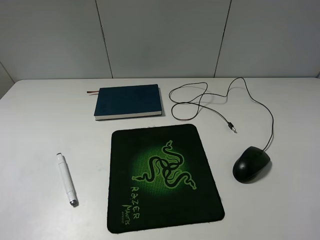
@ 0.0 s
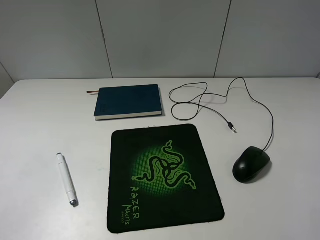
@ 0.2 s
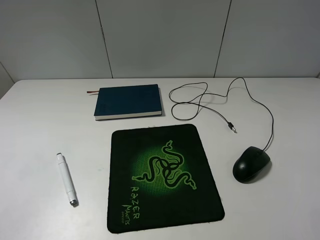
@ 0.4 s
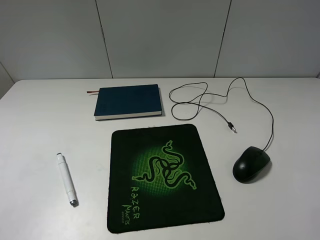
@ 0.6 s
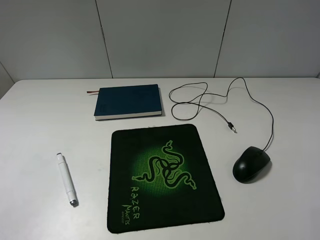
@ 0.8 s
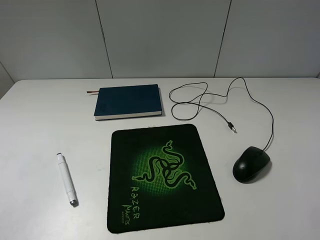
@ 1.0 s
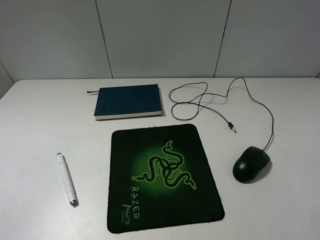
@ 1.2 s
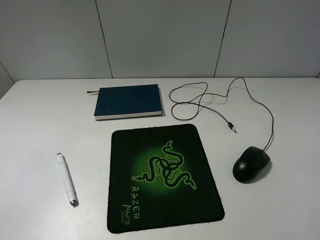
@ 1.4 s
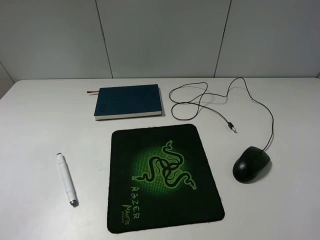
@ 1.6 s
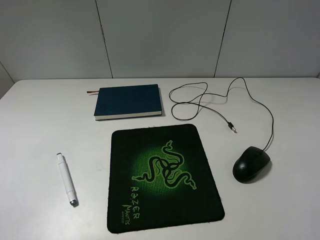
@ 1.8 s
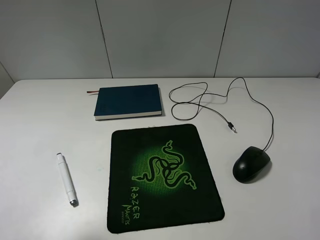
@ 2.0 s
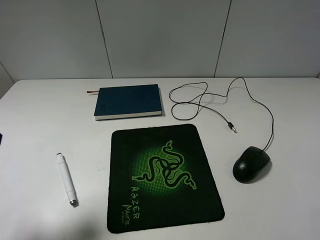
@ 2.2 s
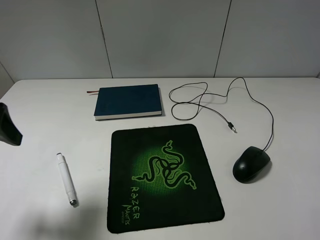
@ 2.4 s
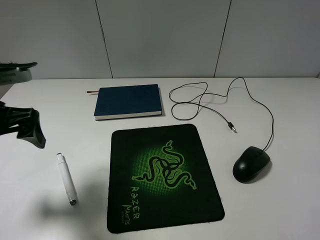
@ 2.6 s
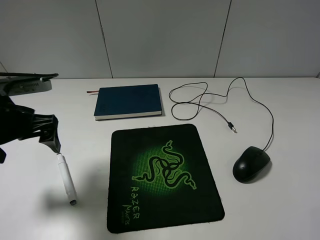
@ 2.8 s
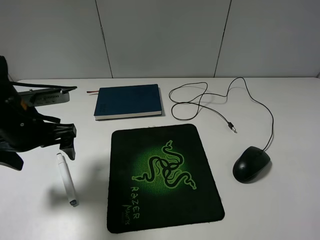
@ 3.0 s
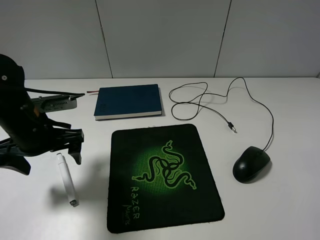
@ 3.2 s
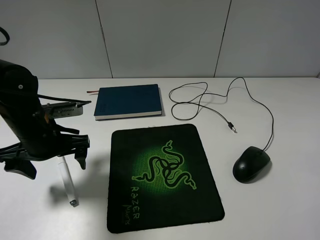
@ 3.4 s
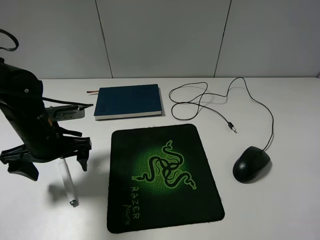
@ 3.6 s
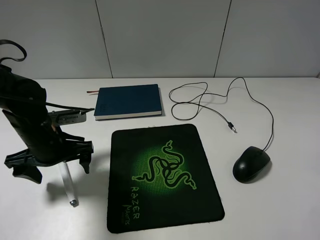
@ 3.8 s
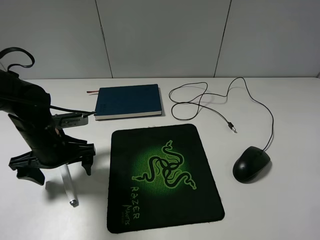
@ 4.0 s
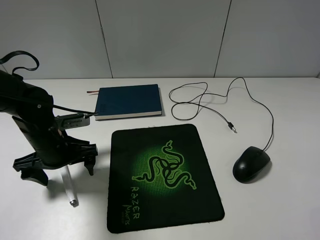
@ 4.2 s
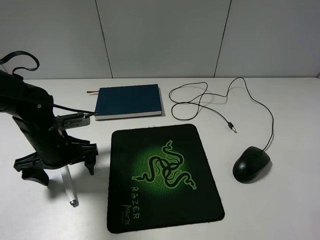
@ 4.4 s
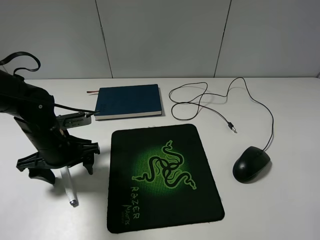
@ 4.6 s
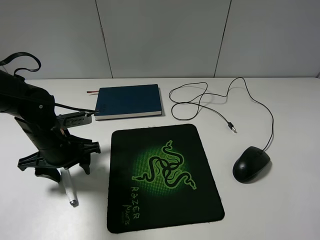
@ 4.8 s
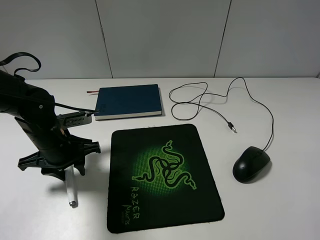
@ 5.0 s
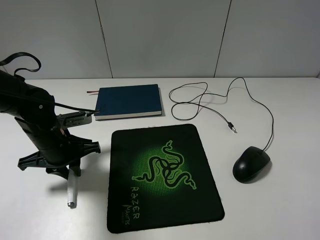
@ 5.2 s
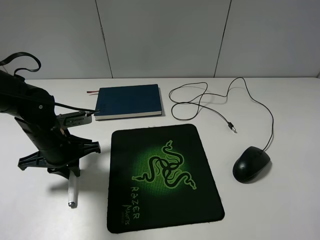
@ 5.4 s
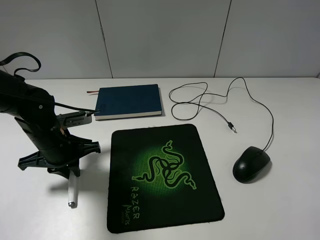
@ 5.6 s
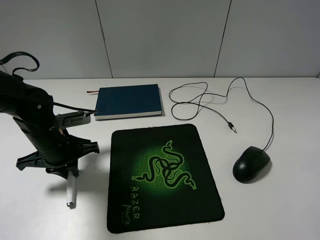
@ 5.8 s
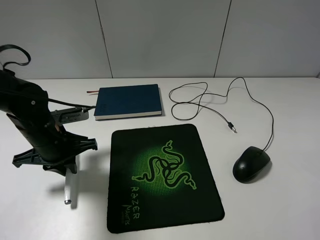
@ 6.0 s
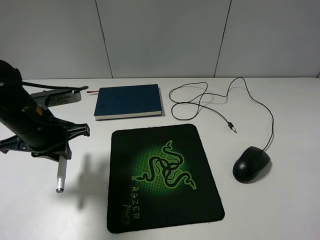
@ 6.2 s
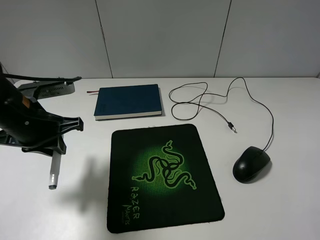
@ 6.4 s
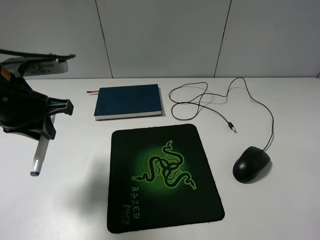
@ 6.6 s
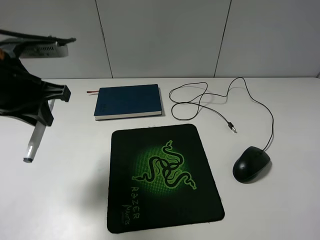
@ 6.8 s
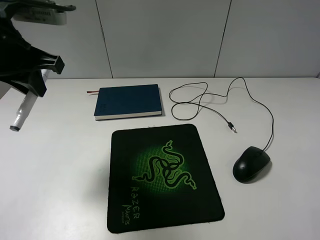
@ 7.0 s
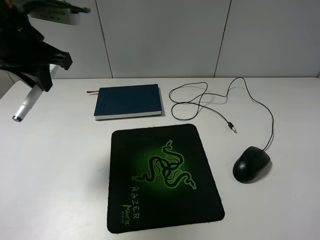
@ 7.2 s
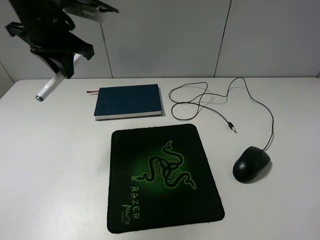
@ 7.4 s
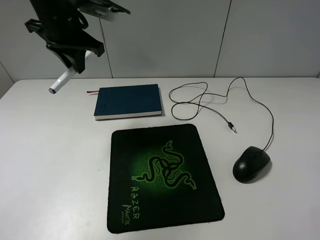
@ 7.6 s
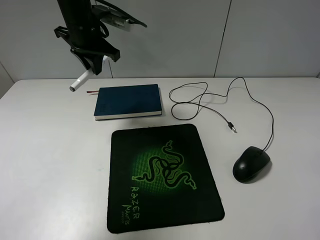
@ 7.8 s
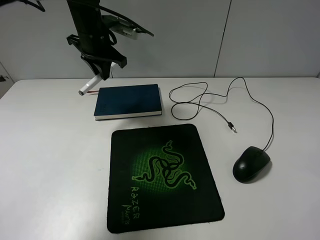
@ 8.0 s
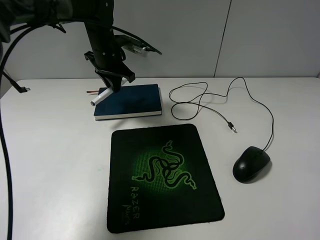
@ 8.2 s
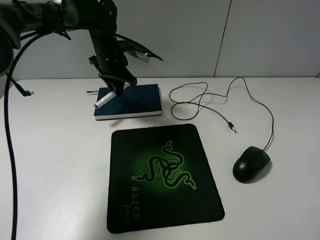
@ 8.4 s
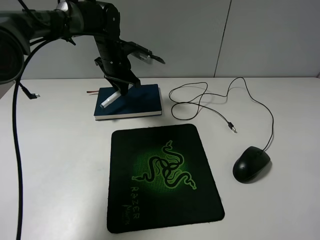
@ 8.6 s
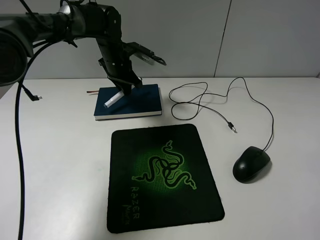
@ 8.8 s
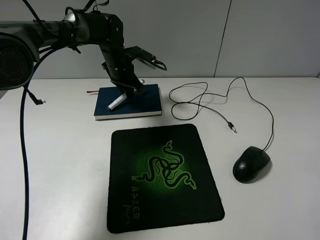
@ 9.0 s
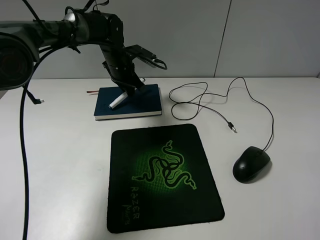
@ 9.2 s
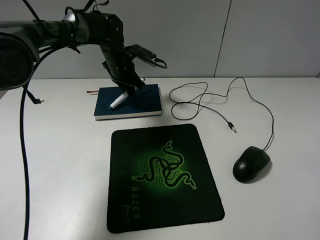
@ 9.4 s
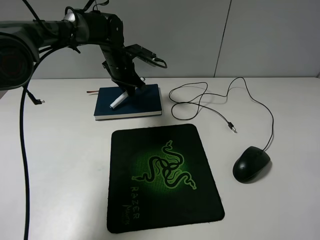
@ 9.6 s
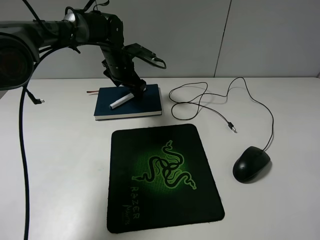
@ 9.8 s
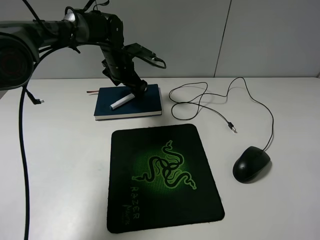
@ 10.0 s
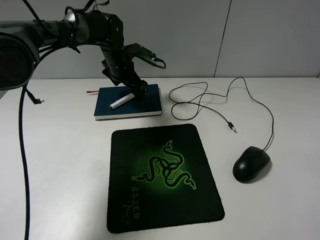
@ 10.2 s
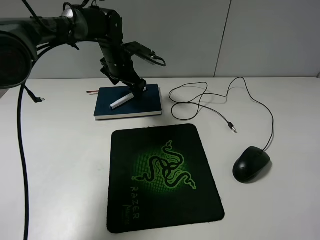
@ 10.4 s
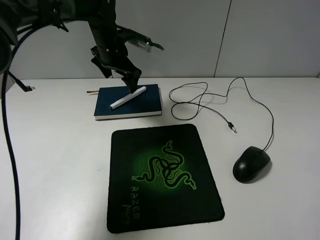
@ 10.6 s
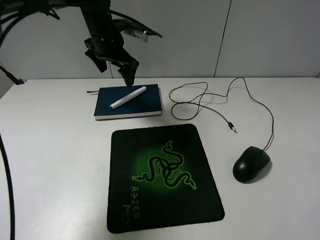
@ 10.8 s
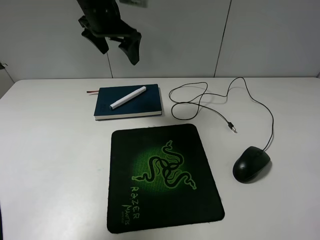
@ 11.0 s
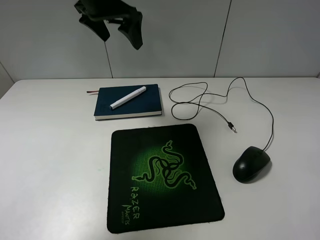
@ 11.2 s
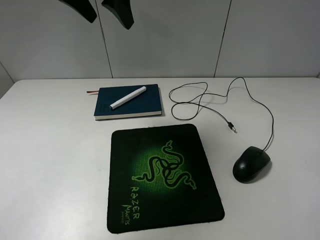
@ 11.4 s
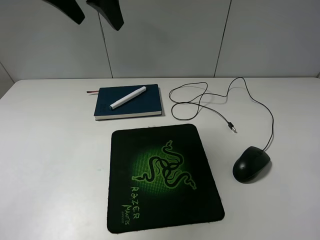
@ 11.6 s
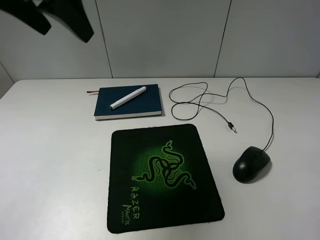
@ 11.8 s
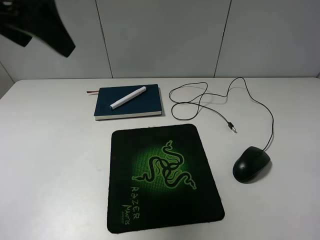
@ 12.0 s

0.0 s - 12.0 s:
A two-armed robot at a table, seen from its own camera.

**Exercise instructions:**
With the images excluded, reproduce the data above precisely as written.

**Answer area:**
@ 0.0 s
@ 0.2 s
@ 0.4 s
@ 0.6 s
@ 0.8 s
@ 1.0 s
@ 1.2 s
@ 1.4 s
@ 1.6 s
@ 1.8 s
@ 2.0 s
@ 2.2 s
@ 2.4 s
@ 2.6 s
@ 2.8 s
@ 3.0 s
@ 3.2 s
@ 3.4 s
@ 3.6 s
@ 3.8 s
@ 4.0 s
@ 4.2 s
@ 4.4 s
@ 4.6 s
@ 4.8 s
@ 5.0 s
@ 5.2 s
@ 5.4 s
@ 5.6 s
@ 5.8 s
@ 6.0 s
@ 6.2 s
@ 6.4 s
@ 6.6 s
@ 6.8 s
@ 7.0 s
@ 7.2 s
@ 7.4 s
@ 7.6 s
@ 7.8 s
@ 8.0 s
@ 8.2 s
@ 8.4 s
@ 8.6 s
@ 8.8 s
@ 9.0 s
@ 9.2 s
@ 9.4 s
@ 9.6 s
@ 9.8 s
@ 10.0 s
@ 10.2 s
@ 10.4 s
@ 10.6 s
@ 10.8 s
@ 11.0 s
@ 11.2 s
@ 11.4 s
@ 11.6 s
@ 11.8 s
@ 12.0 s

0.0 s - 12.0 s:
A two-armed robot at a table, seen from its own camera.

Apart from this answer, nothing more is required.